* Task directions: Reproduce verbatim the lines of the material below, starting at the line with "5) forklift [0,0,907,832]" and ending at the line with "x,y,z,sx,sy,sz,roll,pitch,yaw,name", both inclusive; skip the rest.

* Input data:
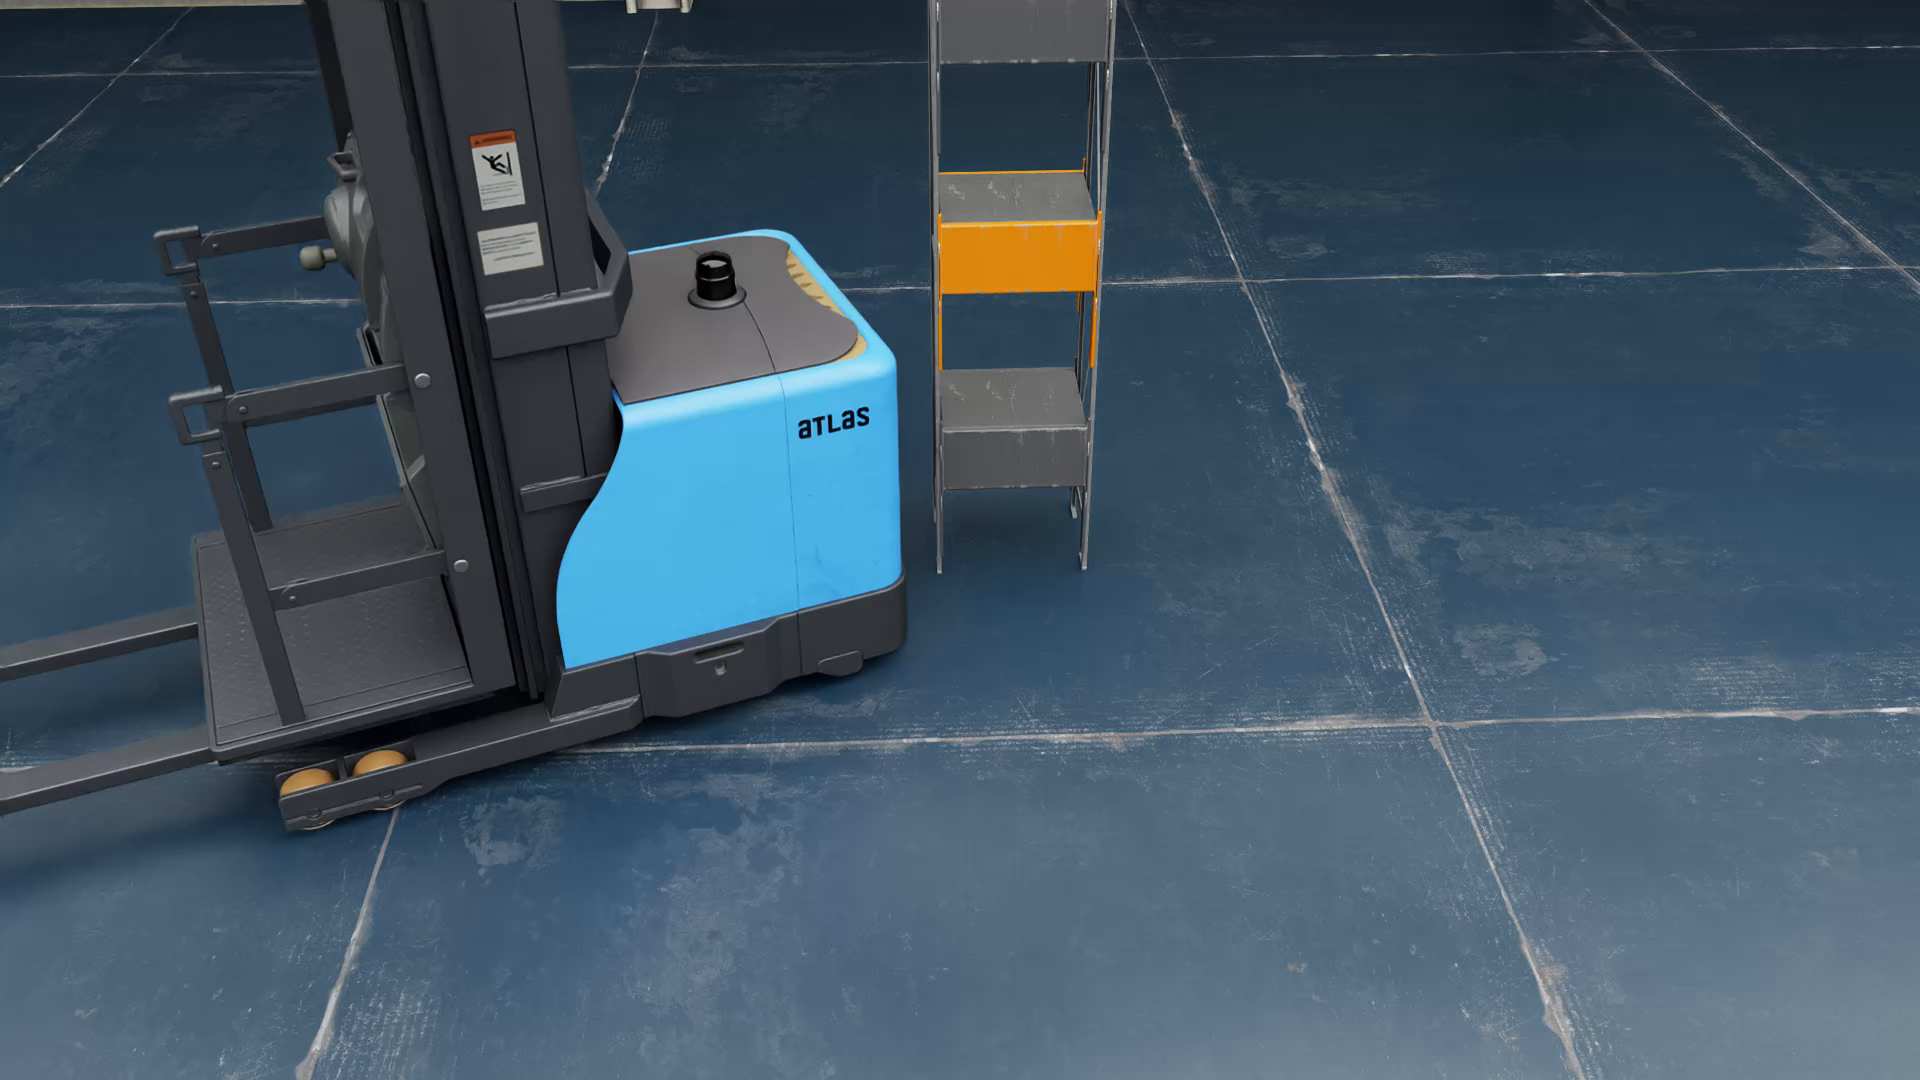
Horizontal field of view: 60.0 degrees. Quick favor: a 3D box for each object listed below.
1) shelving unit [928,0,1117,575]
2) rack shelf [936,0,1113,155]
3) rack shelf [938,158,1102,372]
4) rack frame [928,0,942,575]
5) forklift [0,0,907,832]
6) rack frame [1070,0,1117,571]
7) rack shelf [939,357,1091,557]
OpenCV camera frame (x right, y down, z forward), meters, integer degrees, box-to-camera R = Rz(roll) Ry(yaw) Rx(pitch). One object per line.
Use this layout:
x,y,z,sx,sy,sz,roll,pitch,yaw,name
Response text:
0.165,-0.868,5.159,0.503,2.100,0.431,-2,35,-2,shelving unit
0.165,-1.432,4.768,0.480,0.518,0.431,-2,35,-2,rack shelf
0.165,-0.857,5.167,0.480,0.518,0.431,-2,35,-2,rack shelf
-0.078,-0.861,5.149,0.015,2.100,0.400,-2,35,-2,rack frame
-1.728,-0.749,4.256,3.031,2.935,1.130,-14,37,-19,forklift
0.409,-0.874,5.168,0.015,2.100,0.400,-2,35,-2,rack frame
0.165,-0.281,5.565,0.480,0.518,0.431,-2,35,-2,rack shelf
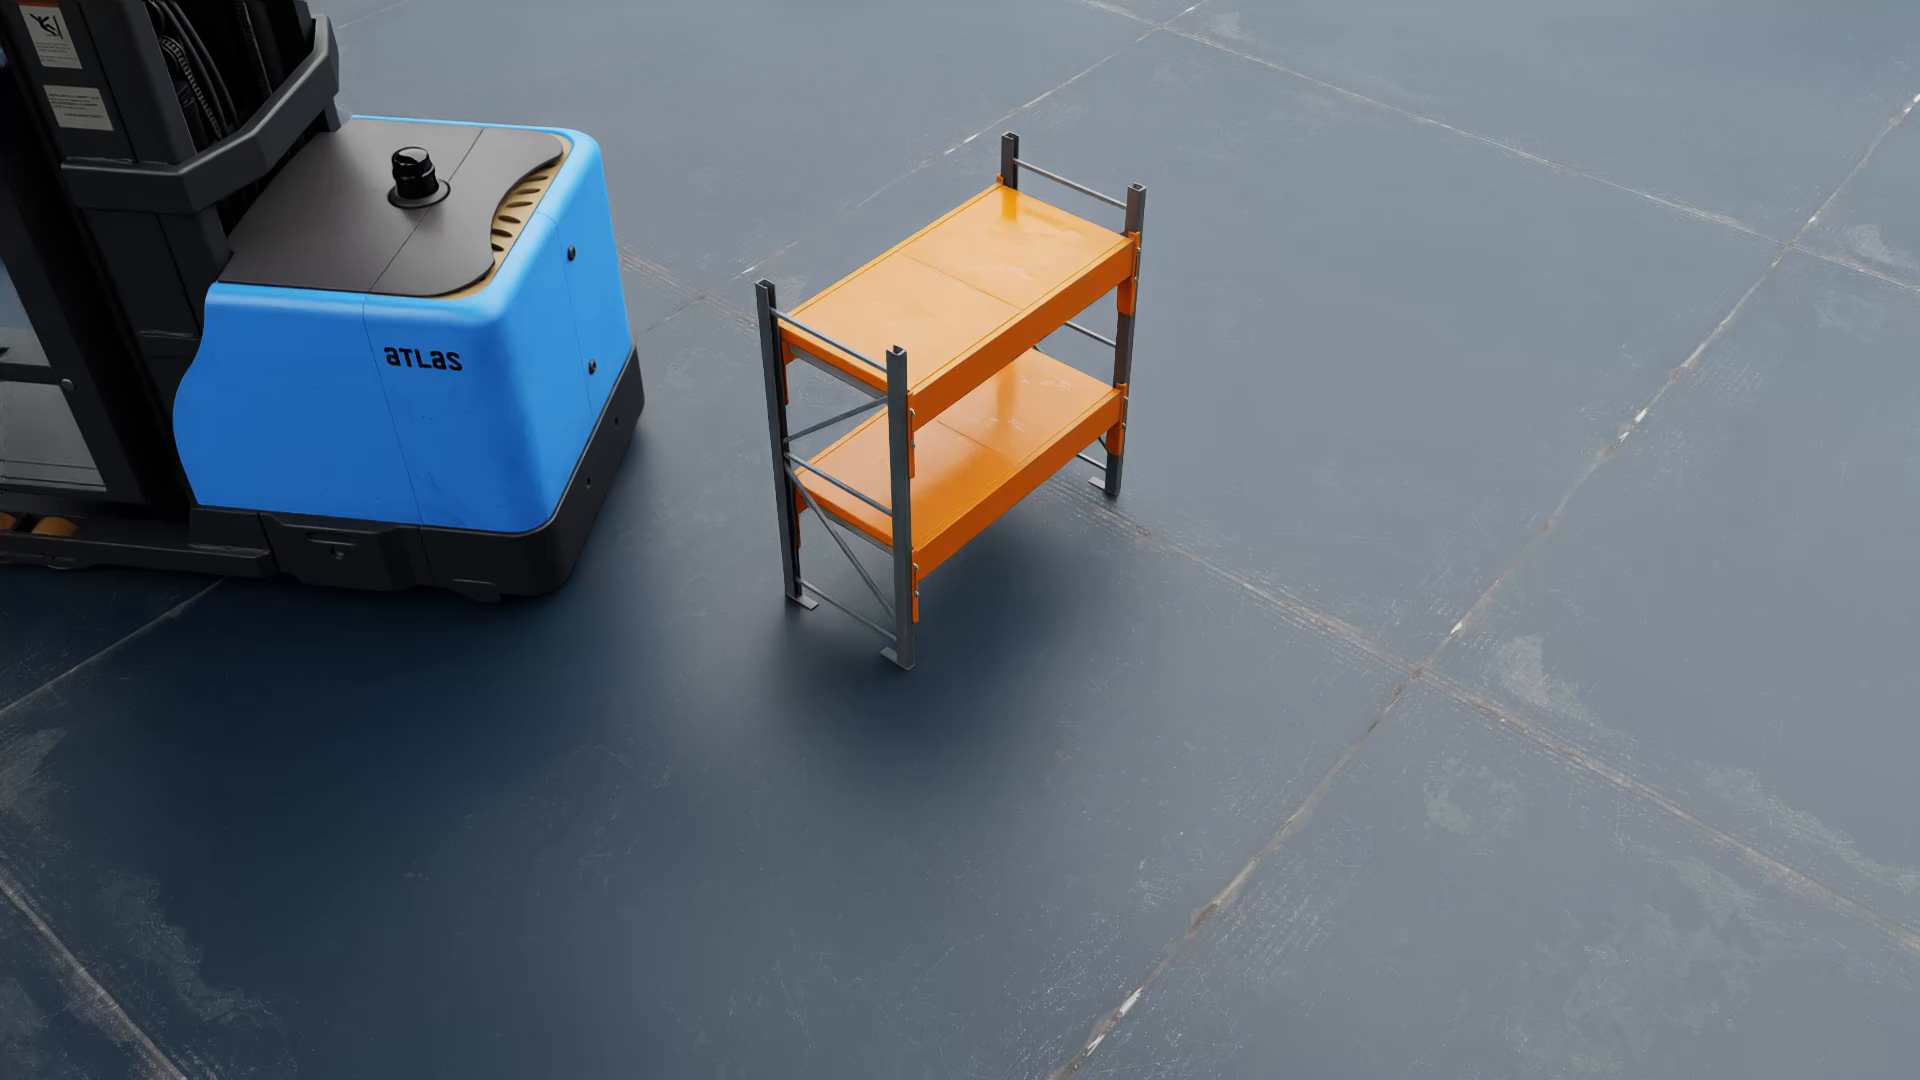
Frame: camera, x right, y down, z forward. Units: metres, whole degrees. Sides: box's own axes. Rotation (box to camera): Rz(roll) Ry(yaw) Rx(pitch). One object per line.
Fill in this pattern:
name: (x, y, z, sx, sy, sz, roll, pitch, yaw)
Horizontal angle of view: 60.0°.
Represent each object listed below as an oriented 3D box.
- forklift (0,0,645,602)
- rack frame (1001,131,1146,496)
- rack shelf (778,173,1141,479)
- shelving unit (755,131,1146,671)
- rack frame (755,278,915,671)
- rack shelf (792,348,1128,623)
forklift: (-2.628, -1.340, 4.545, 3.031, 2.935, 1.130, 5, 43, 6)
rack frame: (0.323, -0.674, 5.156, 0.500, 1.125, 0.032, 29, 50, 28)
rack shelf: (-0.004, -0.629, 4.671, 0.538, 0.278, 1.000, 29, 50, 28)
shelving unit: (-0.004, -0.413, 4.868, 0.538, 1.125, 1.048, 29, 50, 28)
rack frame: (-0.331, -0.151, 4.580, 0.500, 1.125, 0.032, 29, 50, 28)
rack shelf: (-0.004, -0.232, 5.032, 0.538, 0.278, 1.000, 29, 50, 28)
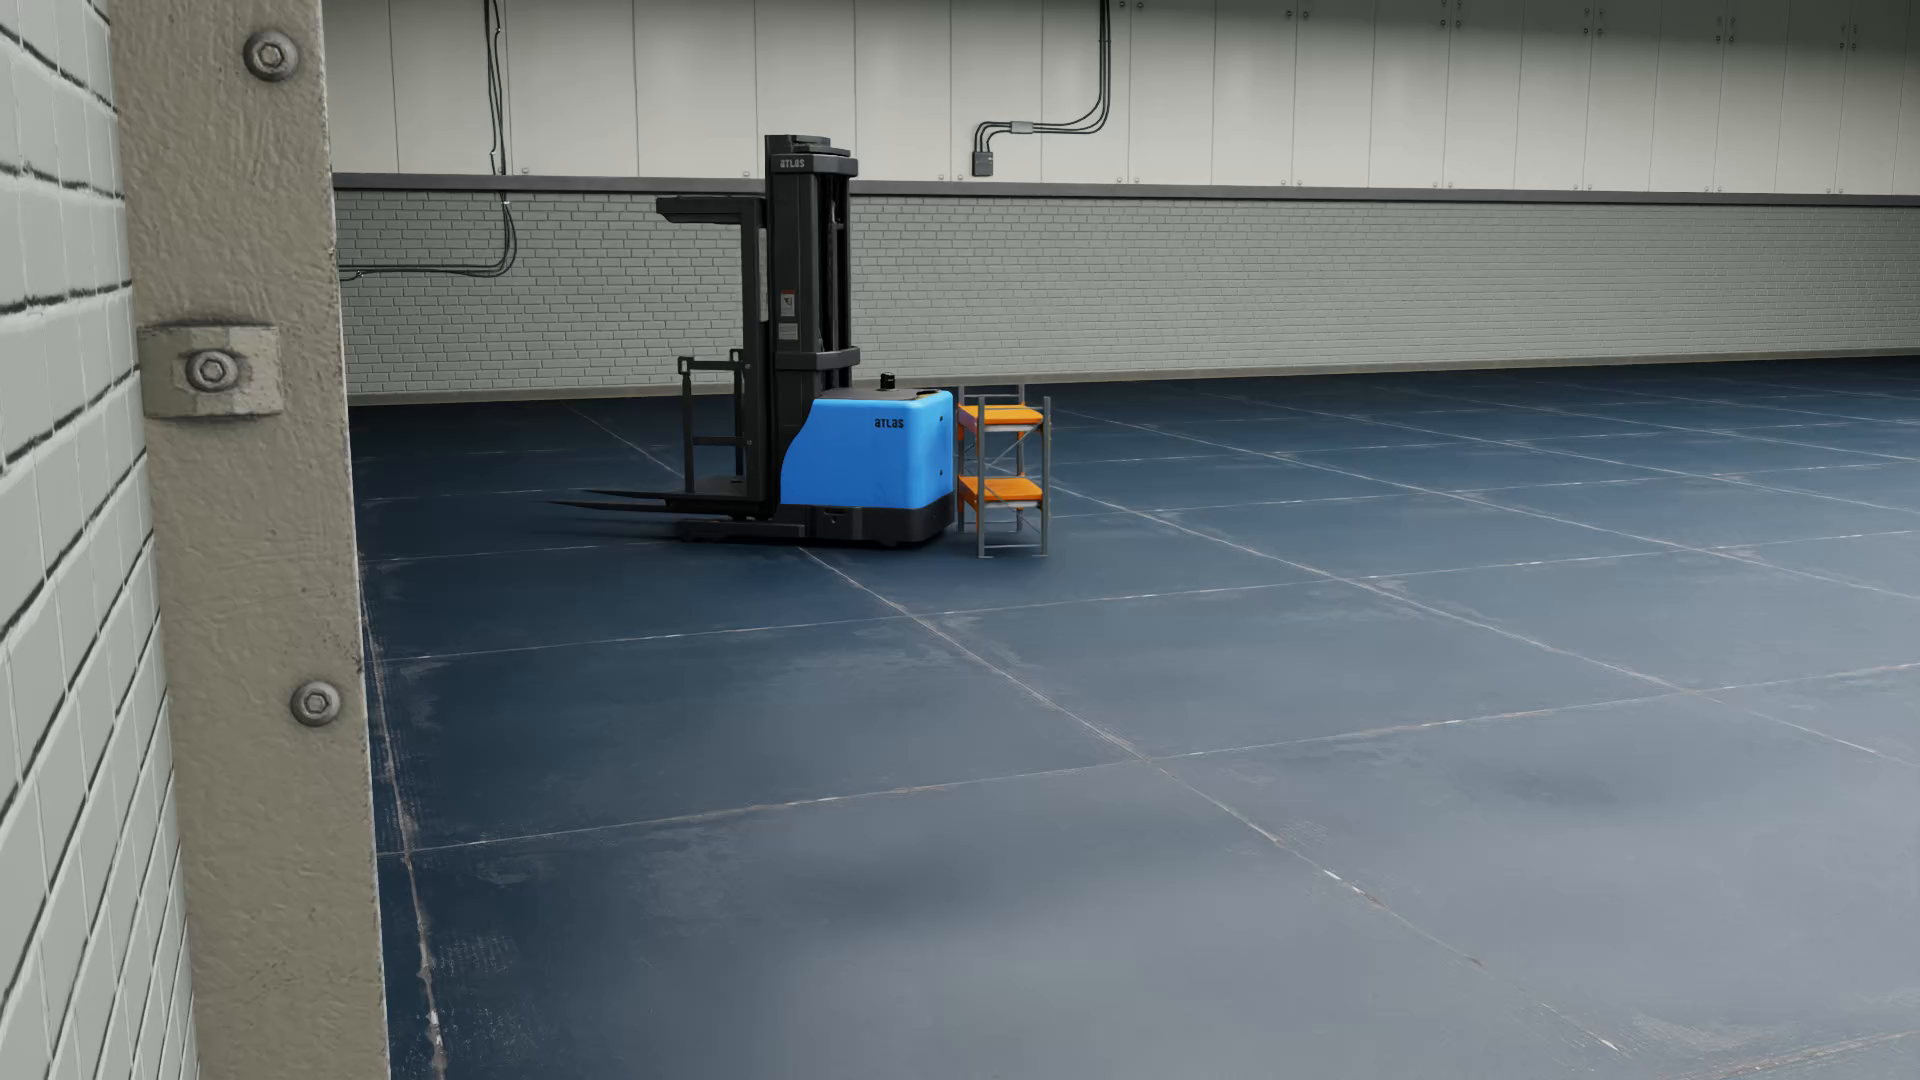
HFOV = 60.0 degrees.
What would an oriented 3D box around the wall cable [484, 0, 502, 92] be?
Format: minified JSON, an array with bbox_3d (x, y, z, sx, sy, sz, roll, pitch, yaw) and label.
[{"bbox_3d":[-5.048,-7.424,22.862,3.097,2.526,0.112,-4,11,-21],"label":"wall cable"}]

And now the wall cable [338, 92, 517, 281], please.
[{"bbox_3d":[-7.569,-4.765,22.339,3.097,2.526,0.112,-4,11,-21],"label":"wall cable"}]

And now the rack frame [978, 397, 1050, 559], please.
[{"bbox_3d":[0.374,-0.433,11.599,0.500,1.125,0.032,-1,10,-8],"label":"rack frame"}]

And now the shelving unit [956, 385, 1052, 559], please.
[{"bbox_3d":[0.303,-0.521,12.095,0.538,1.125,1.048,-1,10,-8],"label":"shelving unit"}]

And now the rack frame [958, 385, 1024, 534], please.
[{"bbox_3d":[0.233,-0.609,12.591,0.500,1.125,0.032,-1,10,-8],"label":"rack frame"}]

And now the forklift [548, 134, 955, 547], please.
[{"bbox_3d":[-1.614,-1.508,12.487,3.031,2.935,1.130,3,10,14],"label":"forklift"}]

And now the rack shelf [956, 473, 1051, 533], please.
[{"bbox_3d":[0.303,-0.280,12.138,0.538,0.278,1.000,-1,10,-8],"label":"rack shelf"}]

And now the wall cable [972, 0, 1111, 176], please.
[{"bbox_3d":[1.285,-8.568,25.142,2.305,6.003,0.169,-4,11,-21],"label":"wall cable"}]

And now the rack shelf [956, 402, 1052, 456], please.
[{"bbox_3d":[0.303,-0.809,12.044,0.538,0.278,1.000,-1,10,-8],"label":"rack shelf"}]
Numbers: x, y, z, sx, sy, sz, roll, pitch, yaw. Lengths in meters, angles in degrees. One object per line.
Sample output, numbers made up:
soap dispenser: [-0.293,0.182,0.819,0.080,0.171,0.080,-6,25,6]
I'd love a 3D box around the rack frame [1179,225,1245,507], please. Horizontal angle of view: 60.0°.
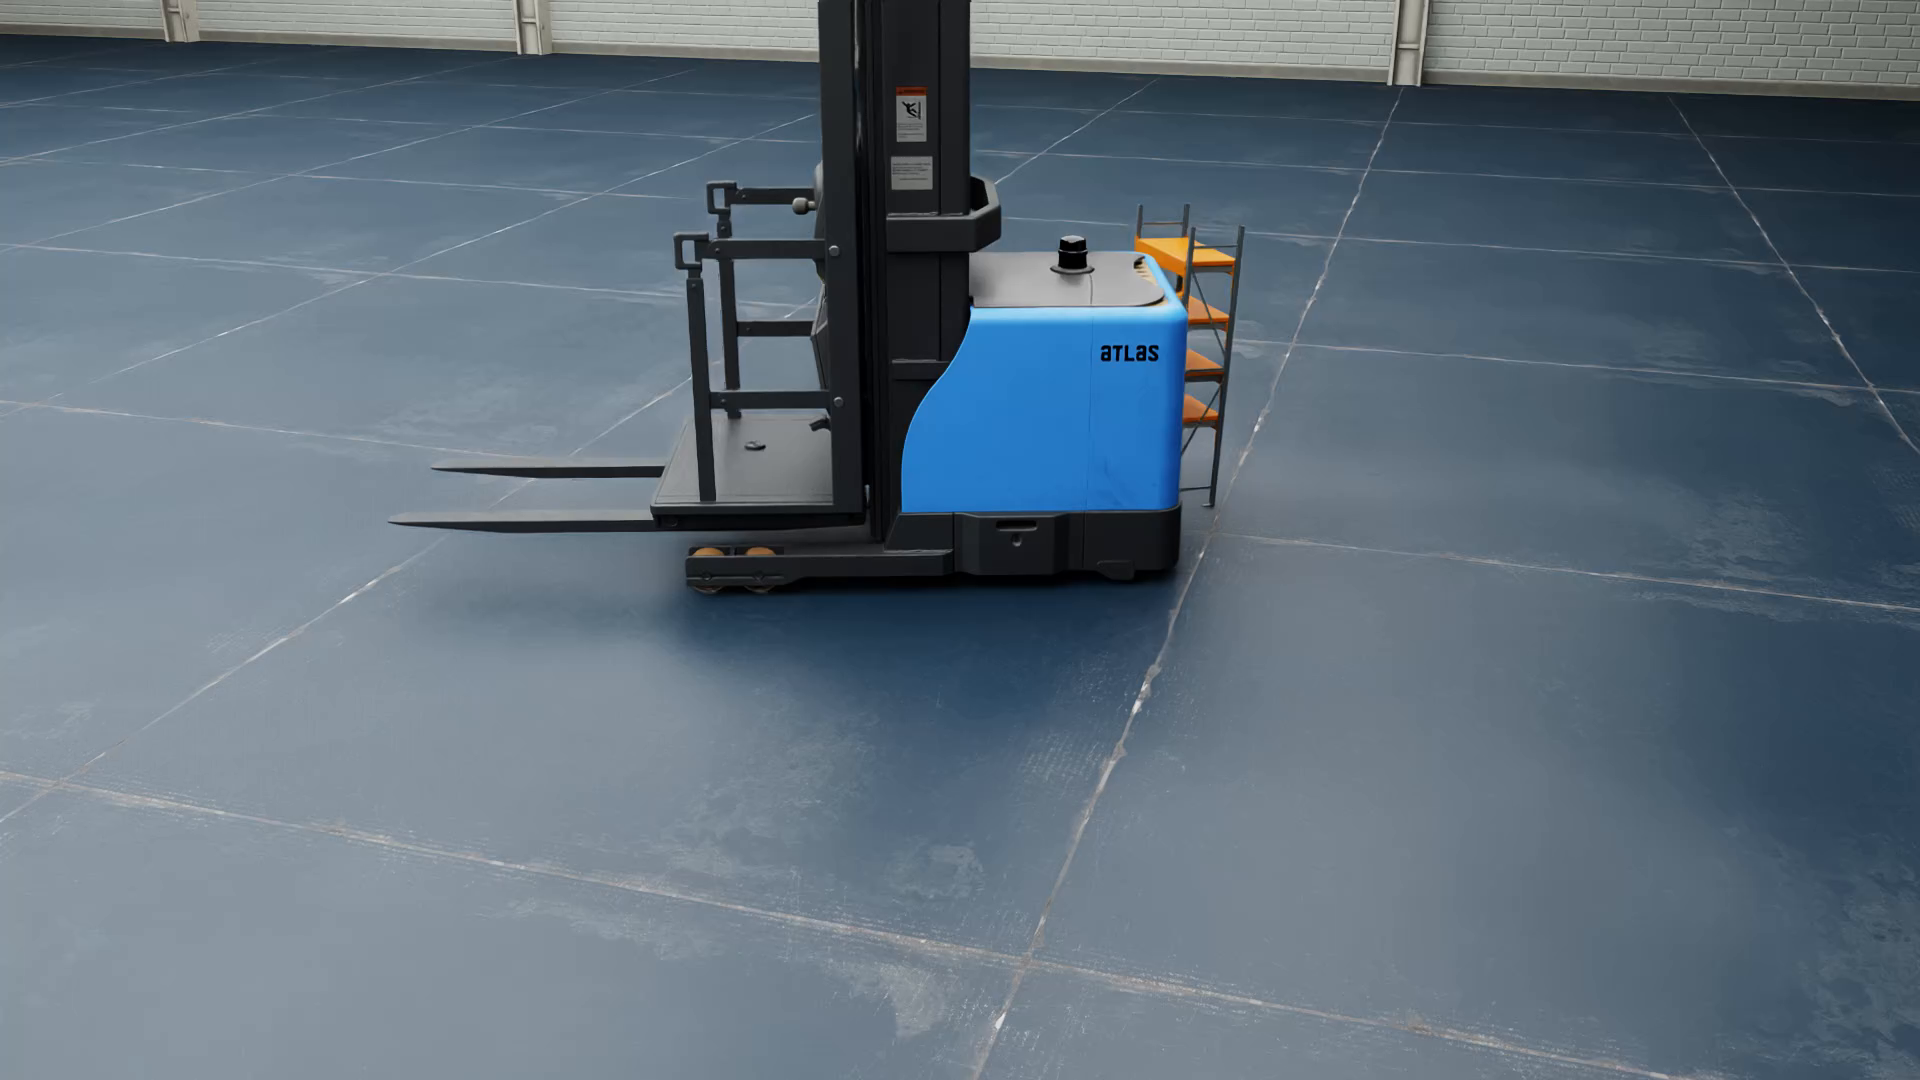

* Final answer:
5) forklift [0,0,907,832]
6) rack frame [1070,0,1117,571]
7) rack shelf [939,357,1091,557]
OpenCV camera frame (x right, y down, z forward), meters, integer degrees, box-to-camera R = Rz(roll) Ry(yaw) Rx(pitch). One object per line.
Use this layout:
x,y,z,sx,sy,sz,roll,pitch,yaw,name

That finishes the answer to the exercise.